Neural network initialization with nonlinear characteristics and information on spectral bias

TL;DR

The paper addresses the impact of initialization on neural network training by integrating spectral-bias information into SWIM-based parameter initialization. It introduces a per-layer scheduling of the nonlinearity scale factors $s_{1,l}$ (with $s_{2,l}=\tfrac{1}{2}s_{1,l}$) to encode coarse information in early layers and fine details in later layers, yielding improved performance on both a 1D regression task and MNIST classification without gradient-based training. Empirical results show that the proposed ordered scheduling outperforms the original SWIM and reversed schemes when network width is large, highlighting the practical value of leveraging intrinsic spectral properties. The work suggests future extensions to other architectures and hyperparameter optimization to further harness spectral-bias effects in data-driven initializations.

Abstract

Initialization of neural network parameters, such as weights and biases, has a crucial impact on learning performance; if chosen well, we can even avoid the need for additional training with backpropagation.
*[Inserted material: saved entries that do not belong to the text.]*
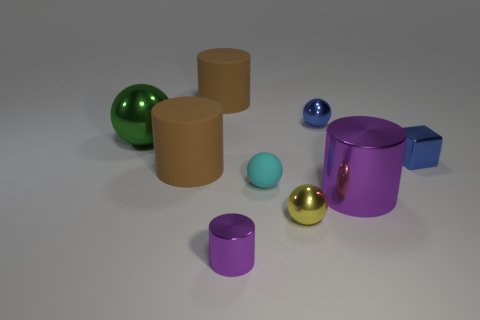Is the number of metal things right of the big green metal sphere the same as the number of cyan rubber balls?
Offer a very short reply. No. There is a metal thing that is both behind the block and right of the cyan matte ball; how big is it?
Provide a short and direct response. Small. Is there any other thing of the same color as the cube?
Provide a succinct answer. Yes. How big is the purple shiny thing that is left of the blue thing that is behind the large green sphere?
Offer a very short reply. Small. There is a metallic ball that is behind the small shiny cube and to the right of the big metal sphere; what color is it?
Your answer should be very brief. Blue. What number of other things are there of the same size as the cube?
Keep it short and to the point. 4. There is a blue metal cube; is its size the same as the brown matte cylinder behind the green sphere?
Make the answer very short. No. What is the color of the matte object that is the same size as the blue cube?
Ensure brevity in your answer.  Cyan. What is the size of the yellow metallic ball?
Make the answer very short. Small. Is the large brown cylinder in front of the block made of the same material as the tiny yellow thing?
Offer a terse response. No. 
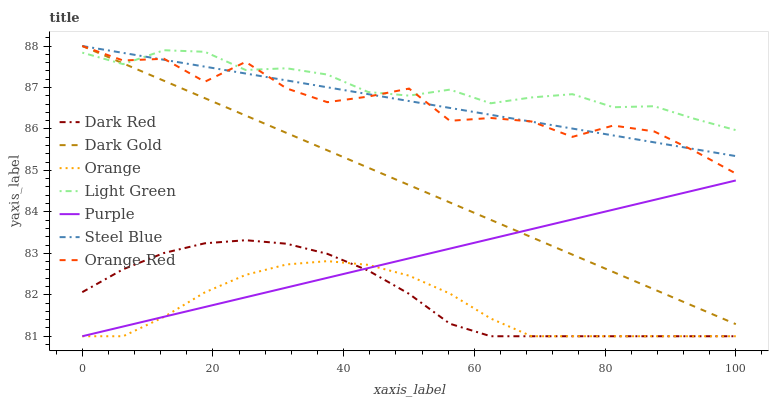Does Orange have the minimum area under the curve?
Answer yes or no. Yes. Does Light Green have the maximum area under the curve?
Answer yes or no. Yes. Does Purple have the minimum area under the curve?
Answer yes or no. No. Does Purple have the maximum area under the curve?
Answer yes or no. No. Is Purple the smoothest?
Answer yes or no. Yes. Is Orange Red the roughest?
Answer yes or no. Yes. Is Dark Red the smoothest?
Answer yes or no. No. Is Dark Red the roughest?
Answer yes or no. No. Does Steel Blue have the lowest value?
Answer yes or no. No. Does Orange Red have the highest value?
Answer yes or no. Yes. Does Purple have the highest value?
Answer yes or no. No. Is Orange less than Orange Red?
Answer yes or no. Yes. Is Steel Blue greater than Orange?
Answer yes or no. Yes. Does Steel Blue intersect Dark Gold?
Answer yes or no. Yes. Is Steel Blue less than Dark Gold?
Answer yes or no. No. Is Steel Blue greater than Dark Gold?
Answer yes or no. No. Does Orange intersect Orange Red?
Answer yes or no. No. 
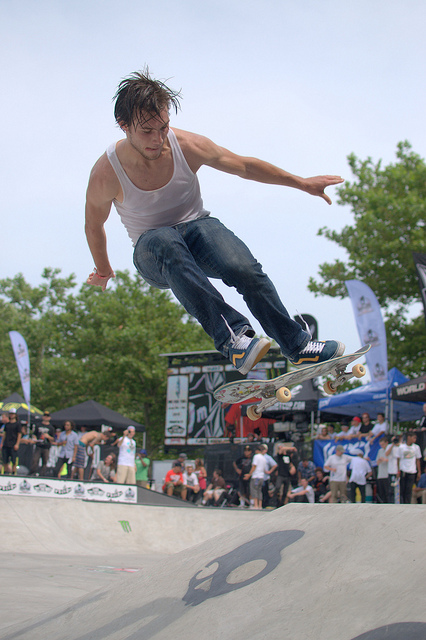<image>What is the name of this skate park? The name of the skate park is not clear. It could be "van's", "supadupaskatenstuff", "john", "thrills", "park", "vans", "skate", "skate", or "freestyle". What is the name of this skate park? I don't know the name of this skate park. It can be 'van's', 'supadupaskatenstuff', 'john', 'thrills', 'park', 'vans', 'skate', 'freestyle', or unknown. 
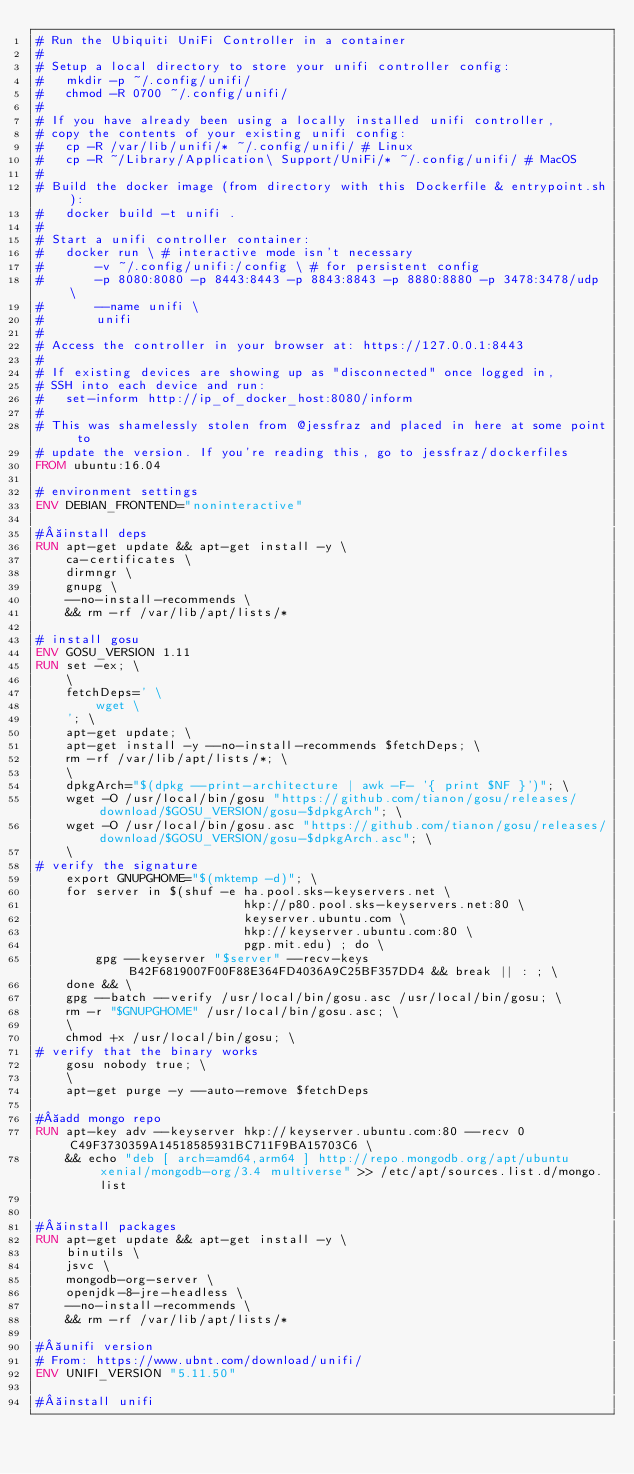Convert code to text. <code><loc_0><loc_0><loc_500><loc_500><_Dockerfile_># Run the Ubiquiti UniFi Controller in a container
#
# Setup a local directory to store your unifi controller config:
# 	mkdir -p ~/.config/unifi/
# 	chmod -R 0700 ~/.config/unifi/
#
# If you have already been using a locally installed unifi controller,
# copy the contents of your existing unifi config:
#	cp -R /var/lib/unifi/* ~/.config/unifi/	# Linux
#	cp -R ~/Library/Application\ Support/UniFi/* ~/.config/unifi/ # MacOS
#
# Build the docker image (from directory with this Dockerfile & entrypoint.sh):
#	docker build -t unifi .
#
# Start a unifi controller container:
#	docker run \ # interactive mode isn't necessary
#		-v ~/.config/unifi:/config \ # for persistent config
#		-p 8080:8080 -p 8443:8443 -p 8843:8843 -p 8880:8880 -p 3478:3478/udp \
#		--name unifi \
#		unifi
#
# Access the controller in your browser at: https://127.0.0.1:8443
#
# If existing devices are showing up as "disconnected" once logged in,
# SSH into each device and run:
# 	set-inform http://ip_of_docker_host:8080/inform
#
# This was shamelessly stolen from @jessfraz and placed in here at some point to
# update the version. If you're reading this, go to jessfraz/dockerfiles 
FROM ubuntu:16.04

# environment settings
ENV DEBIAN_FRONTEND="noninteractive"

# install deps
RUN apt-get update && apt-get install -y \
	ca-certificates \
	dirmngr \
	gnupg \
	--no-install-recommends \
	&& rm -rf /var/lib/apt/lists/*

# install gosu
ENV GOSU_VERSION 1.11
RUN set -ex; \
	\
	fetchDeps=' \
		wget \
	'; \
	apt-get update; \
	apt-get install -y --no-install-recommends $fetchDeps; \
	rm -rf /var/lib/apt/lists/*; \
	\
	dpkgArch="$(dpkg --print-architecture | awk -F- '{ print $NF }')"; \
	wget -O /usr/local/bin/gosu "https://github.com/tianon/gosu/releases/download/$GOSU_VERSION/gosu-$dpkgArch"; \
	wget -O /usr/local/bin/gosu.asc "https://github.com/tianon/gosu/releases/download/$GOSU_VERSION/gosu-$dpkgArch.asc"; \
	\
# verify the signature
	export GNUPGHOME="$(mktemp -d)"; \
    for server in $(shuf -e ha.pool.sks-keyservers.net \
                            hkp://p80.pool.sks-keyservers.net:80 \
                            keyserver.ubuntu.com \
                            hkp://keyserver.ubuntu.com:80 \
                            pgp.mit.edu) ; do \
        gpg --keyserver "$server" --recv-keys B42F6819007F00F88E364FD4036A9C25BF357DD4 && break || : ; \
    done && \
	gpg --batch --verify /usr/local/bin/gosu.asc /usr/local/bin/gosu; \
	rm -r "$GNUPGHOME" /usr/local/bin/gosu.asc; \
	\
	chmod +x /usr/local/bin/gosu; \
# verify that the binary works
	gosu nobody true; \
	\
	apt-get purge -y --auto-remove $fetchDeps

# add mongo repo
RUN apt-key adv --keyserver hkp://keyserver.ubuntu.com:80 --recv 0C49F3730359A14518585931BC711F9BA15703C6 \
	&& echo "deb [ arch=amd64,arm64 ] http://repo.mongodb.org/apt/ubuntu xenial/mongodb-org/3.4 multiverse" >> /etc/apt/sources.list.d/mongo.list


# install packages
RUN apt-get update && apt-get install -y \
	binutils \
	jsvc \
	mongodb-org-server \
	openjdk-8-jre-headless \
	--no-install-recommends \
	&& rm -rf /var/lib/apt/lists/*

# unifi version
# From: https://www.ubnt.com/download/unifi/
ENV UNIFI_VERSION "5.11.50"

# install unifi</code>

For example, algorithms based on the ridgelet transform or the SWIM (sampling where it matters) concept have been proposed for initialization. On the other hand, it is well-known that neural networks tend to learn coarse information in the earlier layers. The feature is called spectral bias. In this work, we investigate the effects of utilizing information on the spectral bias in the initialization of neural networks. Hence, we propose a framework that adjusts the scale factors in the SWIM algorithm to capture low-frequency components in the early-stage hidden layers and to represent high-frequency components in the late-stage hidden layers. Numerical experiments on a one-dimensional regression task and the MNIST classification task demonstrate that the proposed method outperforms the conventional initialization algorithms. This work clarifies the importance of intrinsic spectral properties in learning neural networks, and the finding yields an effective parameter initialization strategy that enhances their training performance.

Figures (8)

• Figure 1: The parameter initialization in the SWIM algorithm. The parameters in the hidden layers are initialized by using the dataset. Only the parameters in the output layer are learned by the conventional linear regression.
• Figure 2: (Color online) Outputs of the learned fully connected neural network for each layer. The horizontal axis is the input $x$, and the vertical axis represents values with a matrix product of the weights of the final layer $W_{L+1}$ to each hidden layer. The dashed curve corresponds to the original function $f(x)$. Since the learning is effectively finished, the output of the final layer, i.e., layer 4, matches the original function $f(x)$ well.
• Figure 3: (Color online) Example of different choices with the parameter for $s_{1}$. Even if the same data pair $(\bm{x}_{1}, \bm{x}_{2})$ is used, the degree of nonlinearity utilized varies depending on the parameters. When $s'_1 < s_{1}$, the small parameter $s'_1$ utilizes only the portion where the activation function changes abruptly.
• Figure 4: Framework to include the information on spectral bias. The relevant hyperparameter $s_1$ can vary across hidden layers. The "ordered" is the proposed method, in which $s_{1,l}$ gradually increases with the layer index $l$. By contrast, $s_{1,l}$ gradually decreases in the "reversed" method. The "normal" corresponds to the original SWIM algorithm in which $s_{1,l}$ is constant.
• Figure 5: The RMSE and standard deviation of the neural network outputs for each method, averaged over 5 runs. The horizontal axis is the number of nodes in each hidden layer, and the vertical axis corresponds to the RMSE. While there are error bars depicted by the standard deviation, it is difficult to see them because they are too small.